= Hong Kong Schools Speech Festival =

The Hong Kong Schools Speech Festival is one of Hong Kong's largest inter-school competitions, and is organized by the Hong Kong Schools Music and Speech Association. Primary and secondary school students across Hong Kong deliver speeches in English and Chinese. The festival has been running for the past 70 years.

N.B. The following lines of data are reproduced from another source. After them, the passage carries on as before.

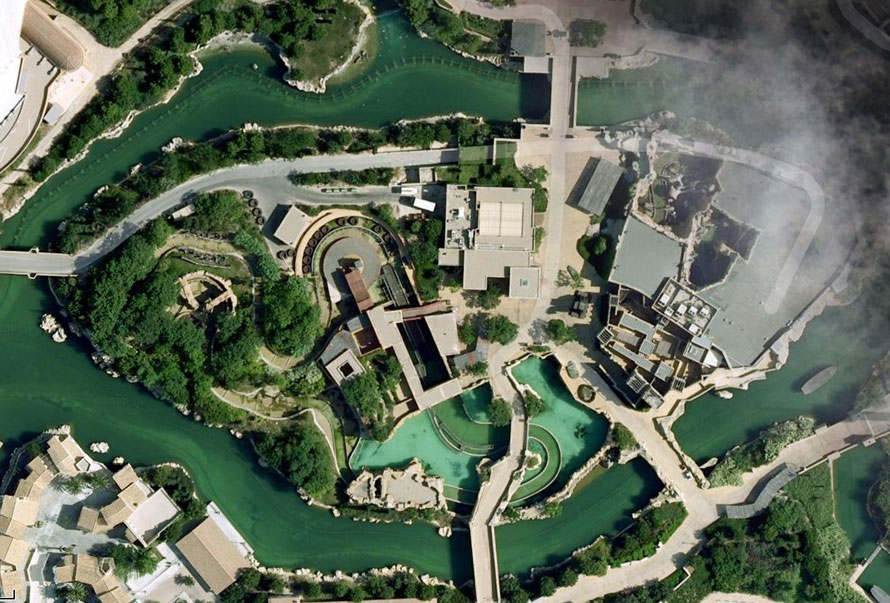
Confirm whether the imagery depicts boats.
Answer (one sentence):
Yes, the frame does contain a boat.
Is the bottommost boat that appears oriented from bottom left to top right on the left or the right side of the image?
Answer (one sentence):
The bottommost boat that appears oriented from bottom left to top right sits on the right side.
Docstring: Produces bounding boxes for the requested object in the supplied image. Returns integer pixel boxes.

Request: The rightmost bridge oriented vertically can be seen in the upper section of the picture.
[551,56,578,128]
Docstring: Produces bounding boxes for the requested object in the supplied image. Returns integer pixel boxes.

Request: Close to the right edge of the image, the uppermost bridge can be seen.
[807,395,890,466]
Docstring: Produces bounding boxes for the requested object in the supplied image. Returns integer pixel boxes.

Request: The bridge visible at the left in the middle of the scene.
[0,247,75,280]
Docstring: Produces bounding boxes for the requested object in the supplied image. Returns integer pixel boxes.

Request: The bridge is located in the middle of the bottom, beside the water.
[468,415,529,603]
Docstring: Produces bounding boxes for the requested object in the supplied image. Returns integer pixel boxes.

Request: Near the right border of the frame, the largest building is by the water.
[699,148,860,369]
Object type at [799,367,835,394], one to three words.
boat
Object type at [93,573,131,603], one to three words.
house
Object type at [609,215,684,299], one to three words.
building
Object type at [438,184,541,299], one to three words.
building
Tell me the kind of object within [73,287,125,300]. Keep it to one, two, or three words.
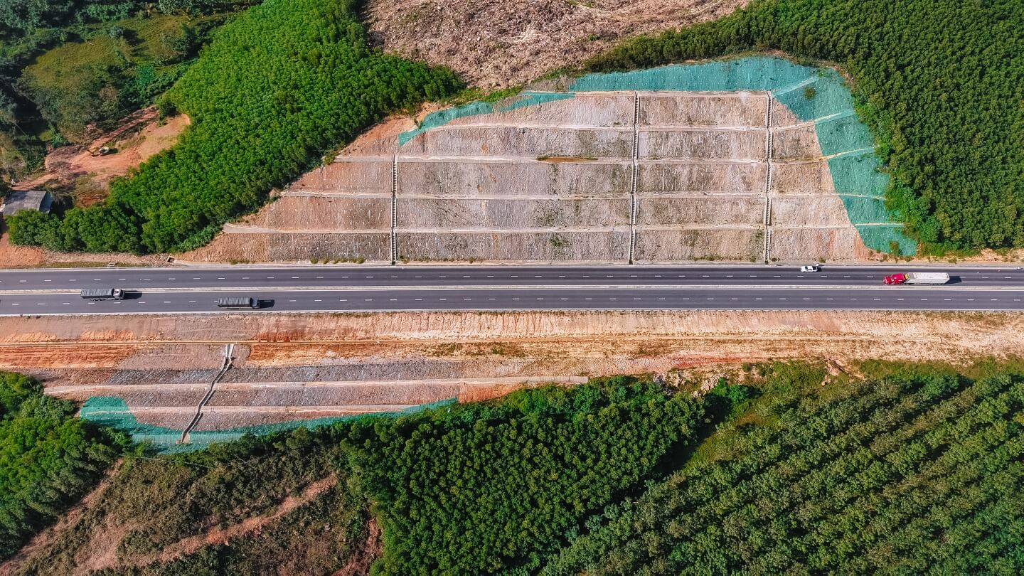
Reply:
vehicle
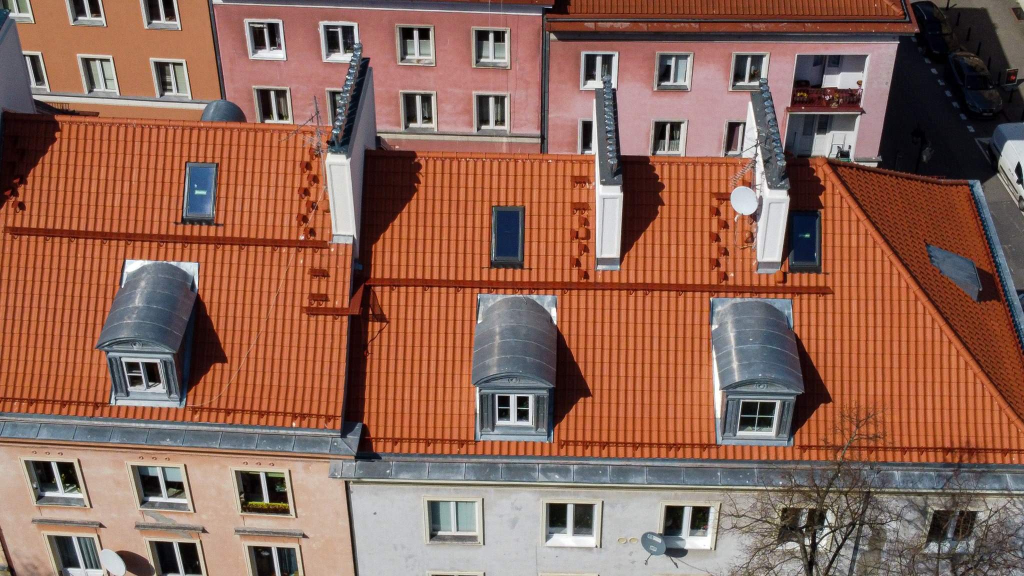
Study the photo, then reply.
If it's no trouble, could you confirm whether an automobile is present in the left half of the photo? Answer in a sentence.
No, there's no automobile to be seen in the left half of the photo.
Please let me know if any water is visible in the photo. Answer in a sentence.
No, water can't be seen anywhere here.
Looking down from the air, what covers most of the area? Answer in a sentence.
The scene is dominated by buildings.
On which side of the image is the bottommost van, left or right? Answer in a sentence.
You can find the bottommost van on the right side of the picture.
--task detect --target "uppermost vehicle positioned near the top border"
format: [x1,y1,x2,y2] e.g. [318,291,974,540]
[914,7,962,62]
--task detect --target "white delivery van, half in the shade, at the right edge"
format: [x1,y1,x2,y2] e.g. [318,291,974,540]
[990,120,1024,203]
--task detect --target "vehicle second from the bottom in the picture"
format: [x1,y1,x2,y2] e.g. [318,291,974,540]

It is known as one of the prime events in which primary through secondary school students have the chance to challenge themselves in spoken English. Schools see first hand the confidence gained and improvement in their students English through their participation in the event.

== Events ==
The following is a list of typical events (in English) each year:

- Solo Verse Speaking
- Harmonic Choral Speaking (Open)
- Choral Speaking (Non-Open)
- Prose Speaking (Open)
- Prose Reading (Non-Open)
- Bible Reading
- Public Speaking Solo
- Public Speaking Team
- Words and Movement
- Thematic Group Speaking
- Improvised Dramatic Scenes
- Shakespeare Monologue
- Solo Dramatic Performance
- Dramatic Scenes
- Dramatic Duologue
- Rehearsed Original Scene

== Prizes ==
Students can place 1st, 2nd, 3rd or receive certificates in Honours (90 marks or over), Merit (80 – 89 marks) and Proficiency (75 – 79 marks). Most schools in Hong Kong recognize this event to be one of the most important accolades that a student can receive and it is often mentioned in most schools list of achievements.